Jin Meiyan yang melihat He Chenyang masih ragu-ragu, tak tahan mengejek, “Katanya ketua klub skateboard, kenapa? Bahkan gadis yang baru belajar sudah meluncur duluan, kamu sebagai laki-laki, sebagai ketua, kok malah tidak berani?”

Halaman (3/3)

He Chenyang merasa ini penghinaan paling memalukan bagi seorang pria. Dia menatap tajam Jin Meiyan, menarik napas dalam-dalam, lalu ikut melompat ke papan skateboard dan meluncur ke bawah.
Seketika, terdengar teriakan lagi dari kerumunan.
“Kang Chenyang, semangat!”
Melihat dua orang itu meluncur berurutan menuruni bukit, Jiang He juga mengeluarkan skateboardnya, menarik napas dalam-dalam, lalu ikut meluncur.
Jin Meiyan sudah lebih dulu berlari turun, tapi meski dia cepat berlari, papan skateboard itu melaju lebih cepat. Dalam beberapa menit saja dia sudah kelelahan dan terengah-engah.
Melihat Jin Meiyan kelelahan, Jiang He berkata, “Jangan khawatir, Xiao Luo ada aku di sini.”
Setelah berkata begitu, dia mengikuti laju Su Luo.
Melihat beberapa orang meluncur dengan kecepatan tinggi, orang-orang di bukit ikut turun untuk menyaksikan.

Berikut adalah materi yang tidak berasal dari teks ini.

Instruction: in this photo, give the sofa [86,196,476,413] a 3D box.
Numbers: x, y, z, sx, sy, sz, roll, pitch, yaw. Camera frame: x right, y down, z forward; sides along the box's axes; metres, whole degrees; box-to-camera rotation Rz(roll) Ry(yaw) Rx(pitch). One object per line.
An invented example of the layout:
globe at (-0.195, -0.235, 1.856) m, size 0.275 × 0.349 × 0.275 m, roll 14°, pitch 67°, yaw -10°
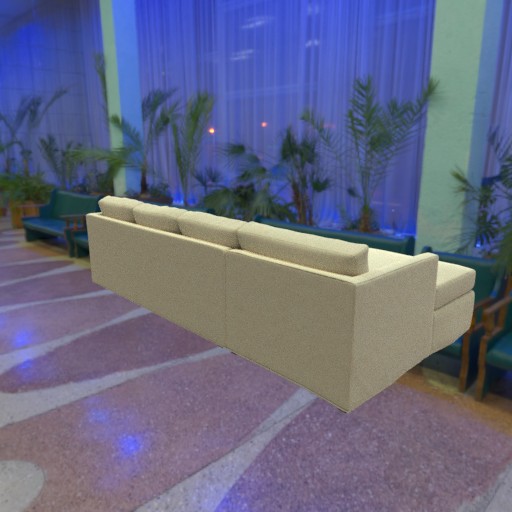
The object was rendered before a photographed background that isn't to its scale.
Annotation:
sofa at (0.000, 0.000, 3.885) m, size 1.650 × 0.922 × 3.205 m, roll -13°, pitch 19°, yaw -42°

Suasana menjadi sangat meriah, belum pernah terjadi sebelumnya.
He Chenyang berdiri di atas skateboard, beberapa kali jantungnya terasa mau meloncat keluar dari tenggorokan karena jalanan sangat curam dan berliku.
Beberapa kali dia ingin mundur, tapi gadis di depannya tidak menunjukkan sedikit pun tanda berhenti, bahkan saat menuruni tangga pun dia meluncur dengan lancar, sama sekali tidak seperti pemula.
Menghadapi lawan seperti itu, walaupun kalah, dia ingin bertahan sampai akhir untuk menjaga harga dirinya sebagai ketua klub.
Namun semakin ke bawah, kecepatan papan skateboard semakin tinggi, angin berhembus kencang di telinganya, sampai akhirnya dia tidak bisa mengendalikan papan skateboardnya.
Saat itulah dia merasakan ketakutan.
Kalau dia tidak salah ingat, di depan ada tikungan tajam. Jika tidak mengendalikan dengan baik saat berbelok, dia pasti akan terjatuh dan terlempar keluar.
Kalau sudah terlempar keluar, bisa hancur berkeping-keping.
Dia benar-benar takut, dia masih muda, belum ingin mati, kariernya masih panjang, dia tidak boleh mati di sini.
Akhirnya, dia benar-benar ketakutan.
Ini adalah turunan yang sangat curam, kalau dia mengerem mendadak, dia pasti akan terlempar karena gaya inersia.
Tapi kalau tidak mengerem juga, dia akan menemui jalan buntu!